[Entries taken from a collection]
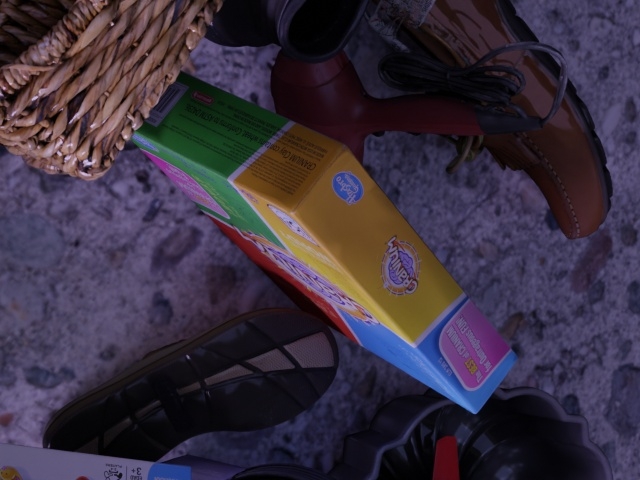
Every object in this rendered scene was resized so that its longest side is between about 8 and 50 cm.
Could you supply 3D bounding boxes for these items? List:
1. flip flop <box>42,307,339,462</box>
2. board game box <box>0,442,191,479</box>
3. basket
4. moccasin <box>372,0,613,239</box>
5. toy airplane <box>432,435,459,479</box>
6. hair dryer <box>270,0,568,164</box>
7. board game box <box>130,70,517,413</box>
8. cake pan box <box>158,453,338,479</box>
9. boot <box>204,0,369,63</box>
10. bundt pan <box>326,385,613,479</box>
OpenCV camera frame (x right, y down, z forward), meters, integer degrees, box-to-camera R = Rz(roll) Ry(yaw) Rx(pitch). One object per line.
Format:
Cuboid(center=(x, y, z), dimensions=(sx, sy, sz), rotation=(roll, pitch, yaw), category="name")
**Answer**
Cuboid(center=(-0.118, 0.133, 1.258), dimensions=(0.277, 0.080, 0.112), rotation=(-24, 112, -7), category="flip flop")
Cuboid(center=(-0.272, 0.278, 1.087), dimensions=(0.347, 0.078, 0.233), rotation=(12, 63, -30), category="board game box")
Cuboid(center=(-0.205, -0.222, 1.067), dimensions=(0.223, 0.213, 0.299), rotation=(35, 81, -29), category="basket")
Cuboid(center=(0.145, -0.145, 1.315), dimensions=(0.147, 0.139, 0.380), rotation=(-38, 117, 1), category="moccasin")
Cuboid(center=(0.095, 0.253, 1.272), dimensions=(0.151, 0.028, 0.151), rotation=(-4, 98, -28), category="toy airplane")
Cuboid(center=(0.056, -0.109, 1.232), dimensions=(0.223, 0.293, 0.080), rotation=(42, 42, 6), category="hair dryer")
Cuboid(center=(0.000, 0.000, 1.151), dimensions=(0.064, 0.242, 0.316), rotation=(-52, 135, -10), category="board game box")
Cuboid(center=(-0.044, 0.334, 1.240), dimensions=(0.070, 0.245, 0.267), rotation=(-8, 105, -69), category="cake pan box")
Cuboid(center=(0.008, -0.310, 1.161), dimensions=(0.118, 0.222, 0.338), rotation=(11, 93, -28), category="boot")
Cuboid(center=(0.127, 0.289, 1.381), dimensions=(0.330, 0.124, 0.331), rotation=(-4, 100, -28), category="bundt pan")

:: WORK ORDER ::
Whenever the string "pitch" occurs in a line of the entries above, copy that line.

:: THE ANSWER ::
OpenCV camera frame (x right, y down, z forward), meters, integer degrees, box-to-camera R = Rz(roll) Ry(yaw) Rx(pitch). One object per line.
Cuboid(center=(x, y, z), dimensions=(sx, sy, sz), rotation=(roll, pitch, yaw), category="name")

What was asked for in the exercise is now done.